Читать «Зубы дракона. Мои 30-е годы» онлайн - страница 27

Майя Иосифовна Туровская

Quelle blague! Я вошла в кабинку, где якобы я должна была прочесть бюллетень и выбрать своего депутата в Верховный Совет – выбрать, значит, иметь выбор. Мы имели одно имя, заранее намеченное. В кабинке у меня сделался припадок смеха, как в детстве. Я не могла долго принять соответствующий вид.

Она и вообще была приметлива к черному юмору советской реальности. Мара (советского разлива сирота, ее приемыш), читая «Буратино», заметила: «Как это папа Карло не знает, где счастливая страна? Я думала, что все знают, что это СССР»; а в дни, когда выслали очередных ее друзей, Шапорина обратила внимание на заметку в «Вечерней Красной газете» «День птицы».

В этот день все школьники, пионерские и комсомольские организации будут строить скворешники, чтобы прилетающие птицы находили себе готовый кров. Трогательно. А десятки тысяч людей… выброшены в буквальном смысле на улицу, гнезда разгромлены. А тут скворешники.

Л. В. Шапорина, 1940 год.

Теперь эти мемуары изданы полностью, они охватывают огромный период – с 20-х по 60-е годы.

Эта необходимость – совместить внутри одного человеческого хронотопа геноцид и «скворешники» – мучила наше воображение, когда мы с Юрой Ханютиным, задолго до встречи с Михаилом Роммом, задумывали «Обыкновенный фашизм». Мучил опыт собственного детства, пережитый, но не освоенный сознанием. То, что материал был чужой, немецкий, не казалось нам помехой. 30-е годы были эпохой «тоталитарного» эксперимента в довольно широком диапазоне, хотя и в разном, иногда скорее авторитарном, варианте. Пусть историки докапываются до причин – мы при этом жили. Разумеется, в документальном кино соответствующего материала было кот наплакал, фильм получился о другом.

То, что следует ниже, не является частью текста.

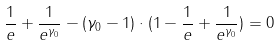Convert formula to latex. <formula><loc_0><loc_0><loc_500><loc_500>\frac { 1 } { e } + \frac { 1 } { e ^ { \gamma _ { 0 } } } - ( \gamma _ { 0 } - 1 ) \cdot ( 1 - \frac { 1 } { e } + \frac { 1 } { e ^ { \gamma _ { 0 } } } ) = 0</formula> 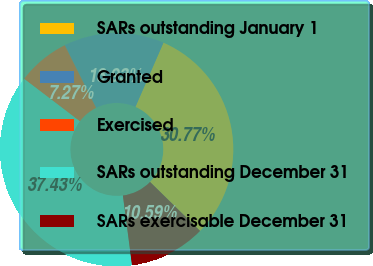Convert chart to OTSL. <chart><loc_0><loc_0><loc_500><loc_500><pie_chart><fcel>SARs outstanding January 1<fcel>Granted<fcel>Exercised<fcel>SARs outstanding December 31<fcel>SARs exercisable December 31<nl><fcel>30.77%<fcel>13.93%<fcel>7.27%<fcel>37.43%<fcel>10.59%<nl></chart> 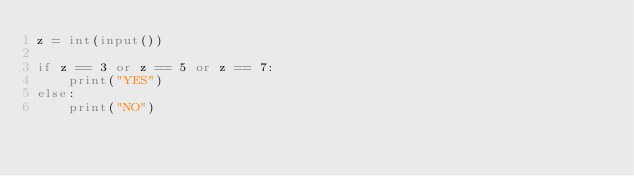Convert code to text. <code><loc_0><loc_0><loc_500><loc_500><_Python_>z = int(input())

if z == 3 or z == 5 or z == 7:
    print("YES")
else:
    print("NO")</code> 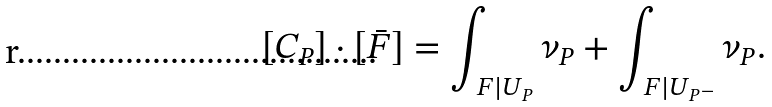<formula> <loc_0><loc_0><loc_500><loc_500>[ C _ { P } ] \cdot [ \bar { F } ] = \int _ { \ F | U _ { P } } \nu _ { P } + \int _ { \ F | U _ { P ^ { - } } } \nu _ { P } .</formula> 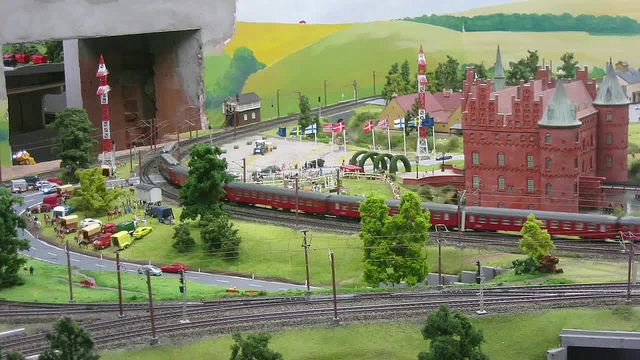How many trains are there? 1

Увы, опыты быстротекущей жизни в постсоветское время стерли для меня старый знак вопроса в этом месте. То, как незатейливо и просто поражение (пусть не военное) и связанный с ним комплекс неполноценности оборачиваются поисками врага, а рабская психология может перейти в психологию господства и подавления, стало доступно наблюдению невооруженным глазом. Но дневники 30-х дают возможность заглянуть хотя бы краешком в «поток сознания», которому впервые пришлось осваивать тоталитаризм как образ жизни.

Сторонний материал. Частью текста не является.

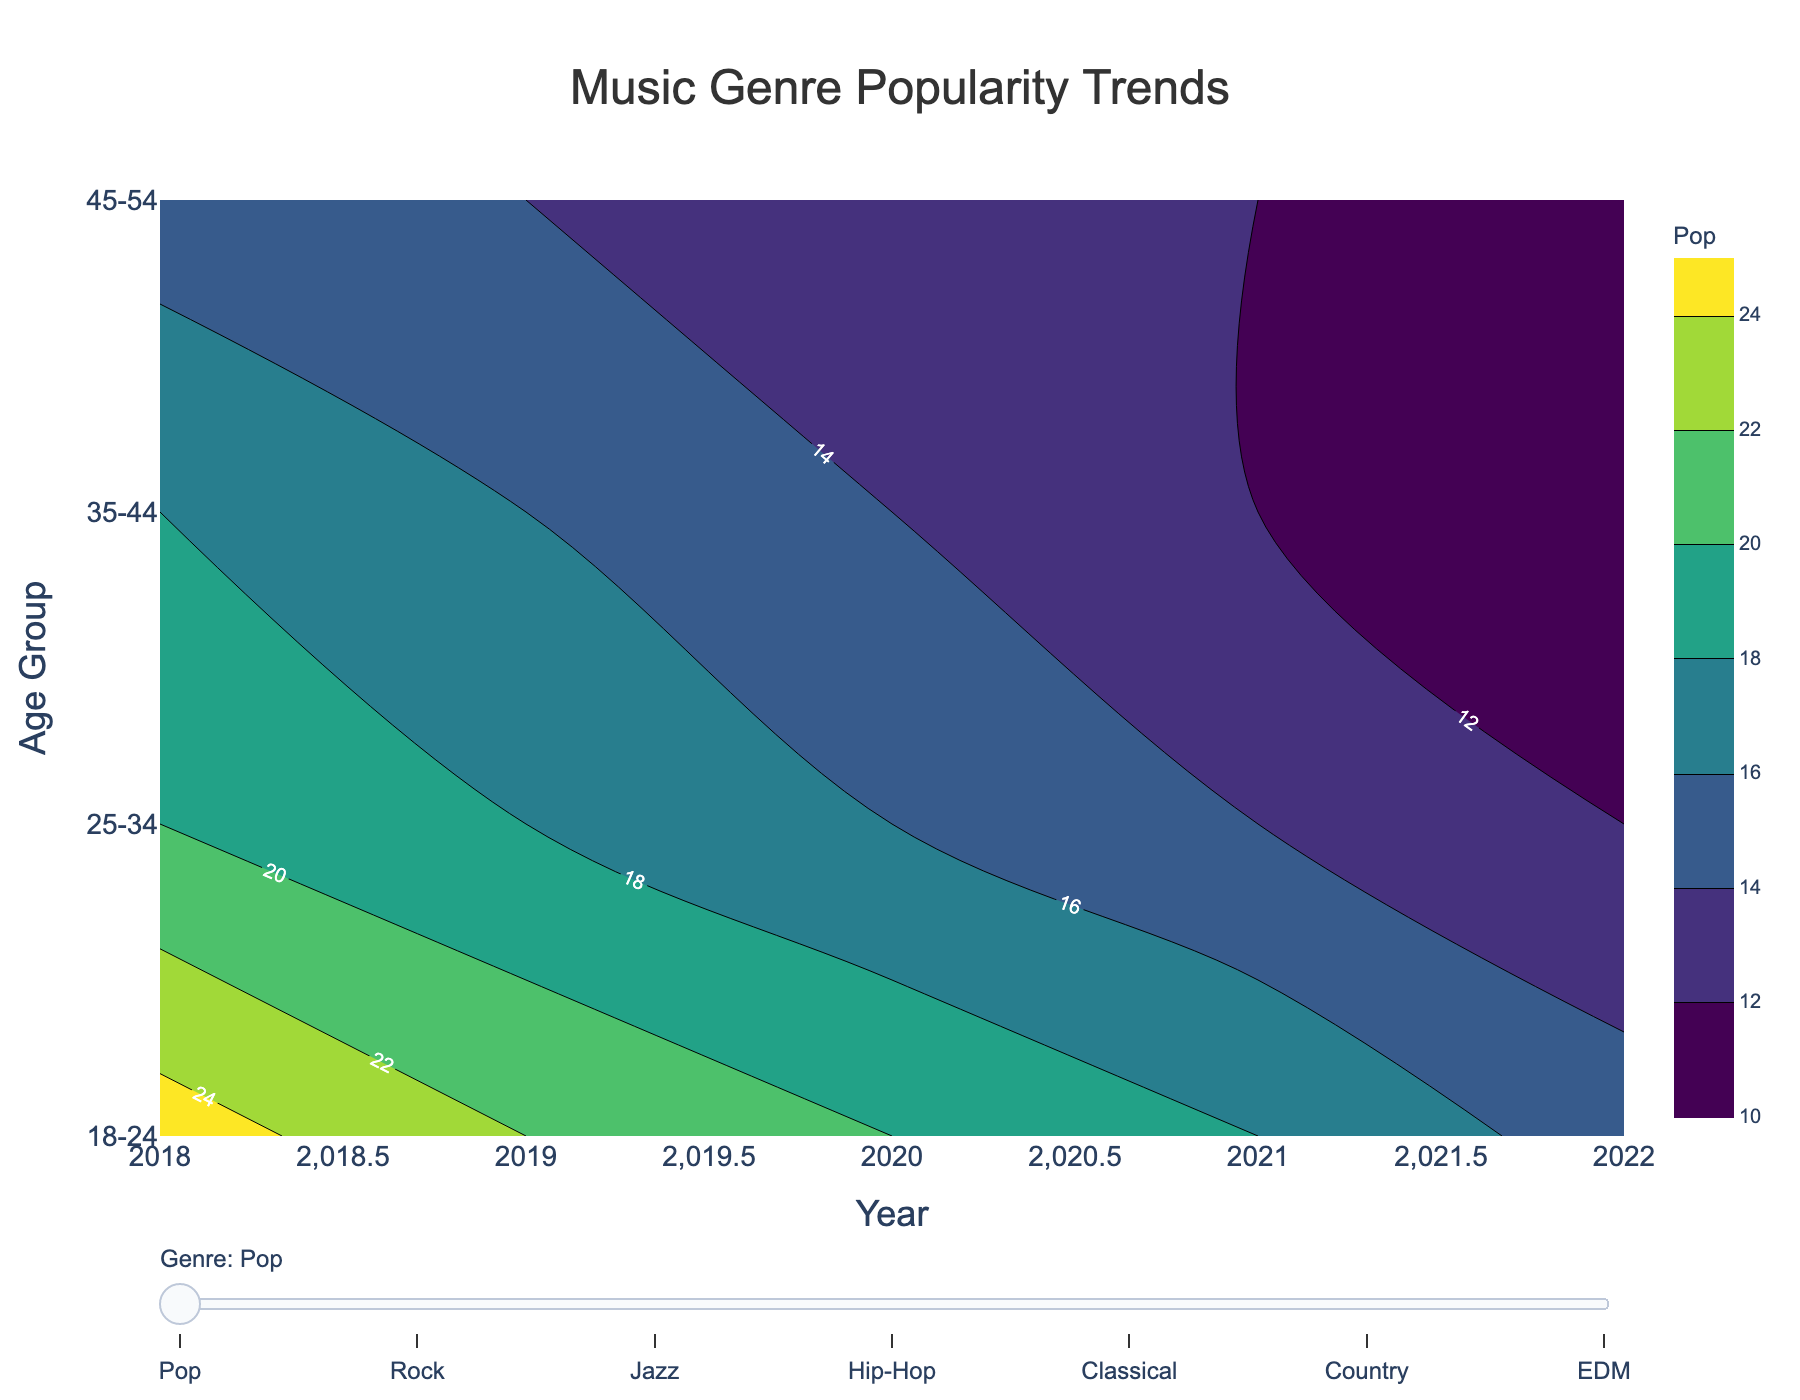What is the title of the plot? The title of the plot is displayed at the top center of the image and reads "Music Genre Popularity Trends."
Answer: Music Genre Popularity Trends Which age group showed an increasing trend in Hip-Hop popularity from 2018 to 2022? By examining the contours for Hip-Hop, the age group 18-24 shows a steady increase in Hip-Hop popularity over the years 2018 to 2022.
Answer: 18-24 In 2022, which age group had the highest popularity for Classical music? By looking at the contours for 2022 under the Classical music genre, age group 45-54 is positioned higher on the color gradient, indicating higher popularity.
Answer: 45-54 Which genre shows the most significant decline in popularity for the 18-24 age group from 2018 to 2022? By examining the contours for the 18-24 age group across different genres, Pop shows the most considerable decline, starting the highest in 2018 and decreasing steadily through to 2022.
Answer: Pop For the age group 25-34, what is the difference in Country music popularity between 2018 and 2022? Country music popularity for 25-34 is noted as 10 in 2018 and 13 in 2022. Subtracting the values gives the difference, 13 - 10 = 3.
Answer: 3 Between 35-44 and 45-54 age groups, which group had a higher average popularity in Jazz music over the years? Calculate the average for both groups by summing their Jazz popularity values over the years and dividing by the number of years. For 35-44: (15 + 14 + 13 + 12 + 10)/5 = 12.8. For 45-54: (18 + 17 + 16 + 15 + 14)/5 = 16. Thus, 45-54 has a higher average.
Answer: 45-54 Which genre has the most even distribution of popularity across all age groups in 2022? By comparing the 2022 contours across genres, EDM shows relatively balanced contour levels across all age groups.
Answer: EDM Was there any age group that consistently preferred EDM from 2018 to 2022? By examining the contours for EDM from 2018 to 2022, the age groups 25-34 and 35-44 consistently show interest without significant increases or decreases, indicating a preference.
Answer: 25-34 and 35-44 For the age group 18-24, which two genres had the closest popularity values in 2020? In 2020, for age group 18-24, the popularity values for Classical (6) and Country (6) are closest.
Answer: Classical and Country Was there any point where Rock was the most popular genre for the 35-44 age group? Yes, by examining the contours, in 2018, Rock is the most popular genre for the 35-44 age group.
Answer: 2018

10.10.37. У меня тошнота подступает к горлу, когда слышу спокойные рассказы: тот расстрелян, другой расстрелян, расстрелян, расстрелян. Это слово всегда в воздухе, резонирует в воздухе. Люди произносят эти слова совершенно спокойно, как сказали бы «пошел в театр». Я думаю, что реальное значение слова не доходит до нашего сознания – мы слышим только звук. Но внутренне не видим этих умирающих под пулями людей (Шапорина).